» Exercise instructions:
Every line below between the line holding "Meters and whole" and the line holding "1. name: x y z sx sy sz roll pitch yaw", inclusive, should be repeated exactly, and all other lines omitted.

[Dataset records]

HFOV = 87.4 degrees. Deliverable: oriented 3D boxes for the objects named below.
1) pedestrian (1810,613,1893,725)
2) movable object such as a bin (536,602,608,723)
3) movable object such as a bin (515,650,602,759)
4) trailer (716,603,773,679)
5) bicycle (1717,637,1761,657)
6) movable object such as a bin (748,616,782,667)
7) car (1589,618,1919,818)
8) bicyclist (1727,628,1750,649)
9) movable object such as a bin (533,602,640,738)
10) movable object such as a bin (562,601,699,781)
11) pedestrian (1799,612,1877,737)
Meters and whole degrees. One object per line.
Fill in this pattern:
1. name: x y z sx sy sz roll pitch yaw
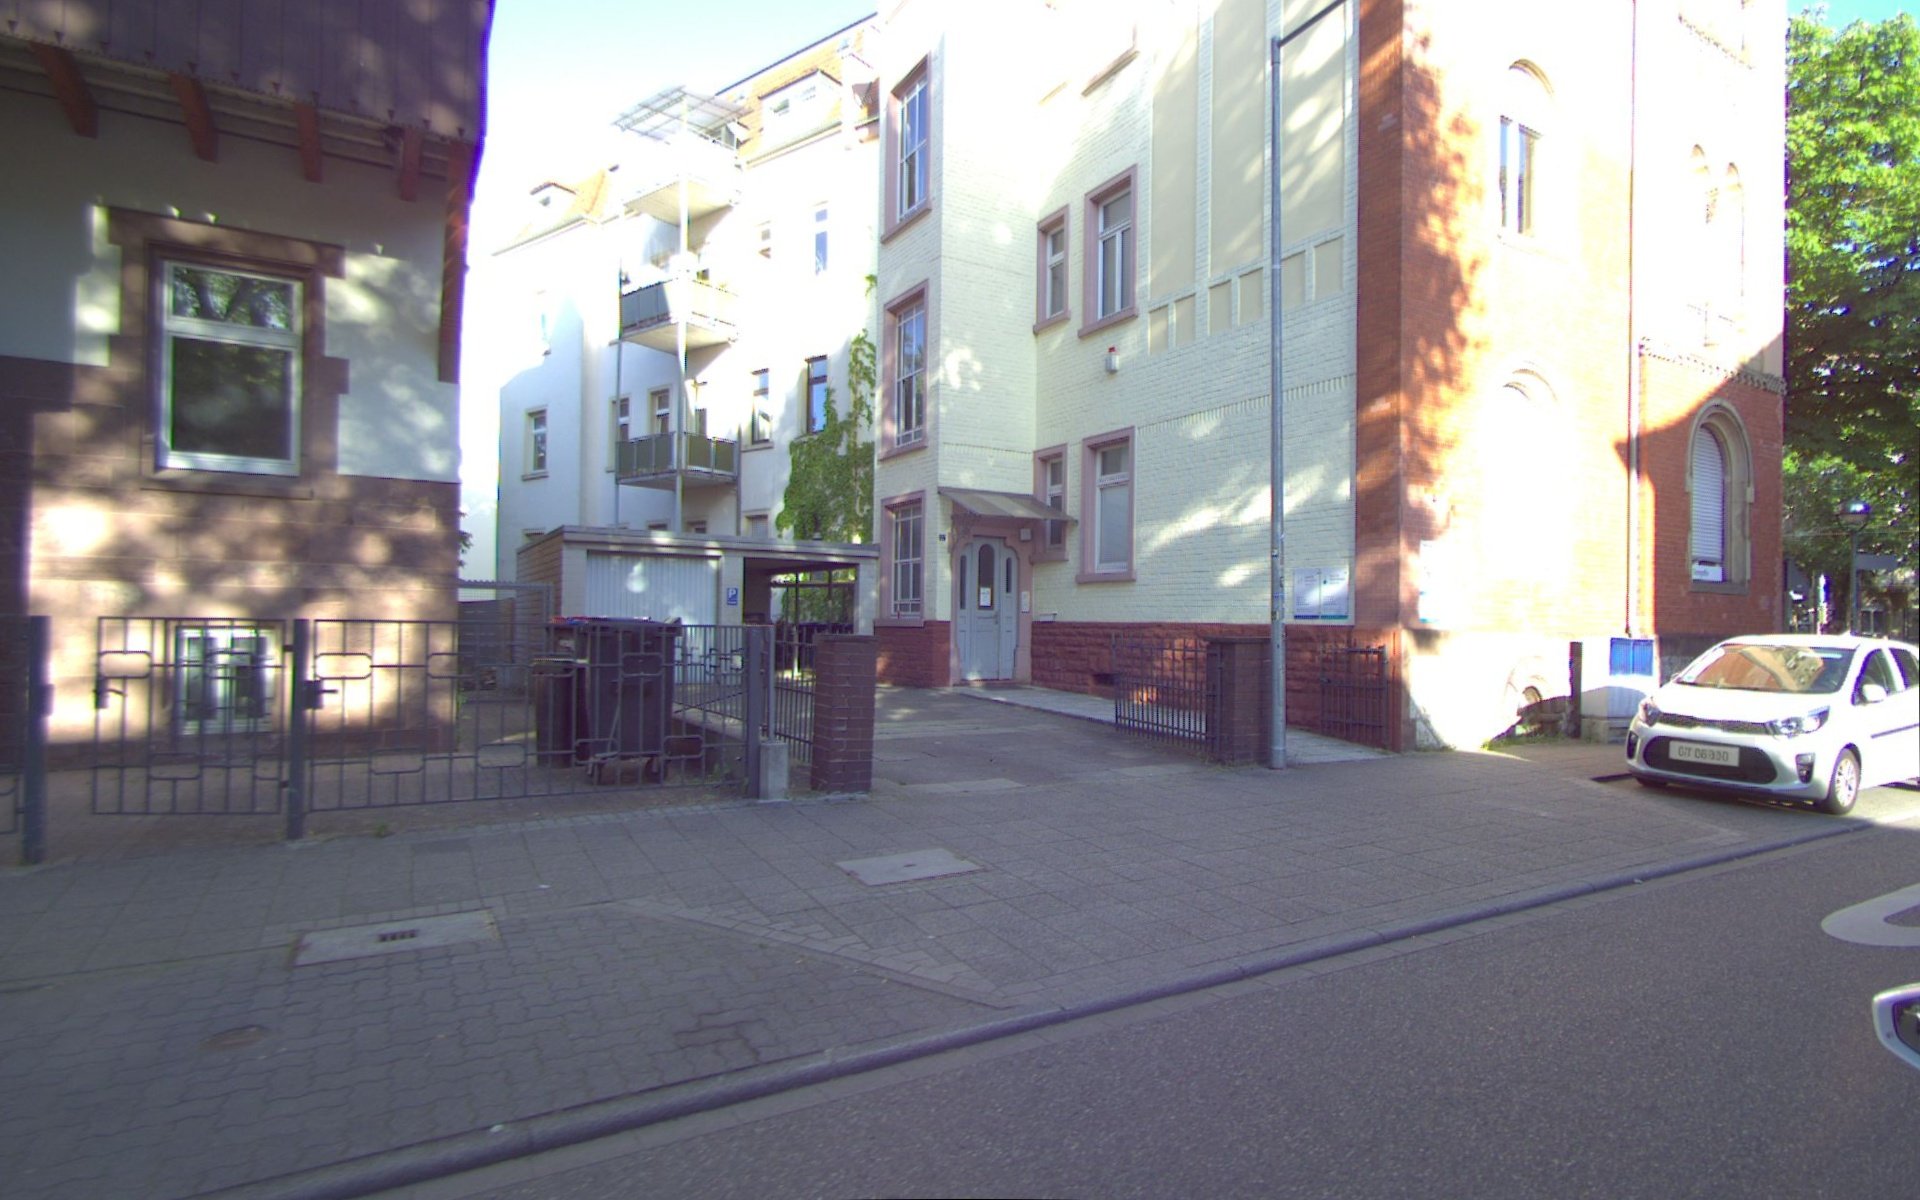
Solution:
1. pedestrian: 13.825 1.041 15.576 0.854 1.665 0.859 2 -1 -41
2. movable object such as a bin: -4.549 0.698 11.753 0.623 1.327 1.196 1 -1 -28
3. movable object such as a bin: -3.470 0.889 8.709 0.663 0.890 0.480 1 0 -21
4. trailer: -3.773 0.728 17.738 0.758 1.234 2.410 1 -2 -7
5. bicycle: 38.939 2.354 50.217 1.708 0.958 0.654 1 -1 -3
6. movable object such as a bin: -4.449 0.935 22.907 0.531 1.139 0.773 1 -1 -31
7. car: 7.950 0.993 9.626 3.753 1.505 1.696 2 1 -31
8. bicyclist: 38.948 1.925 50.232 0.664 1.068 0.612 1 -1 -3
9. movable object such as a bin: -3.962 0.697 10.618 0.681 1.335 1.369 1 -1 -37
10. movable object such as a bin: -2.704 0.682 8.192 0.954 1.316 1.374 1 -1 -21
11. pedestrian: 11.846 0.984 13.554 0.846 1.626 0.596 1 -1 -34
==
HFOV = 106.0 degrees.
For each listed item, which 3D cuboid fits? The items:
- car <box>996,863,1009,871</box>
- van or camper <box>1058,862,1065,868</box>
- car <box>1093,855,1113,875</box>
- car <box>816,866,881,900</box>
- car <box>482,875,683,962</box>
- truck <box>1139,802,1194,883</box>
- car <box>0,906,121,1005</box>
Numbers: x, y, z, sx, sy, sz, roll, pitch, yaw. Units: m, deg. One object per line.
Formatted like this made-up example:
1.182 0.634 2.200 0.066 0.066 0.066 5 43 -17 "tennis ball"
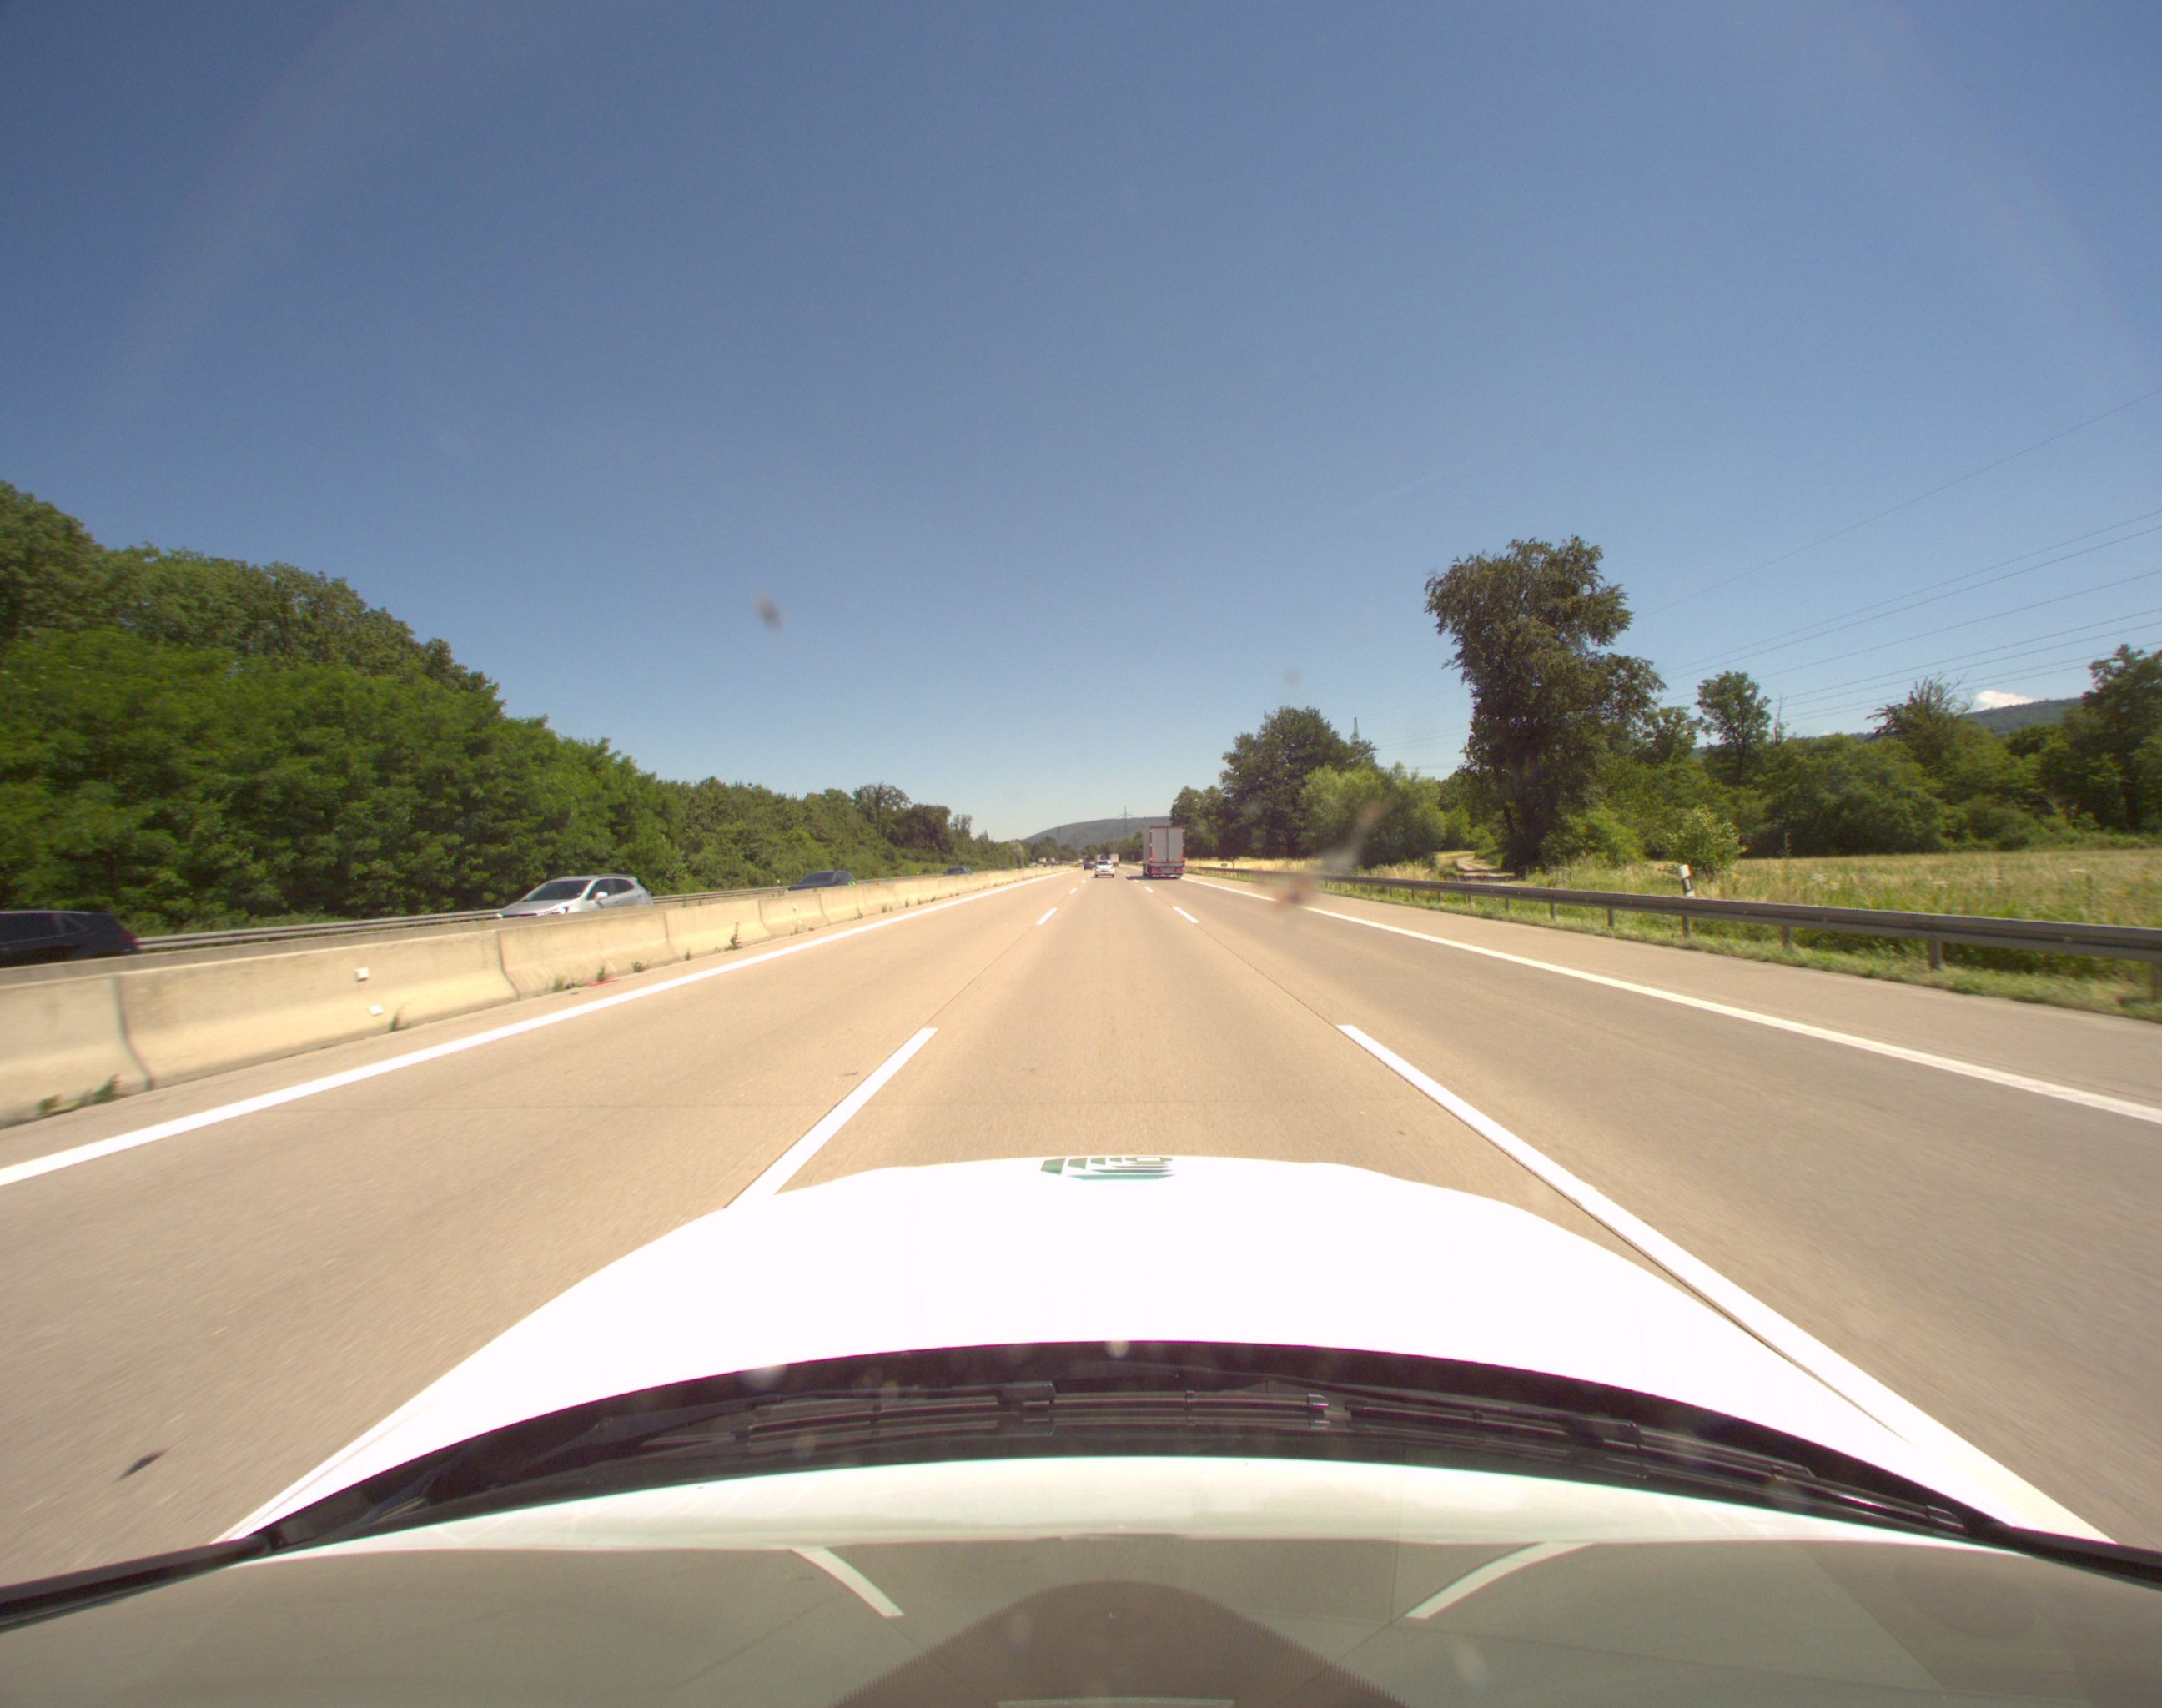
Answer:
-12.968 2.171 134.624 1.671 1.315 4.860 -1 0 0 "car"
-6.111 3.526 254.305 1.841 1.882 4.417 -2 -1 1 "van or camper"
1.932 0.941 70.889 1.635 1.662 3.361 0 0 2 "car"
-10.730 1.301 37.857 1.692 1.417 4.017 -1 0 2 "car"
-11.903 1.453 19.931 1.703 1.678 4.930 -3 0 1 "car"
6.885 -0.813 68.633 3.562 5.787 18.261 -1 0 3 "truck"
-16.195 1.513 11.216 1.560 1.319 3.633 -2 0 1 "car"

» Expected answer:
Meters and whole degrees. One object per line.
Fill in this pattern:
1. name: x y z sx sy sz roll pitch yaw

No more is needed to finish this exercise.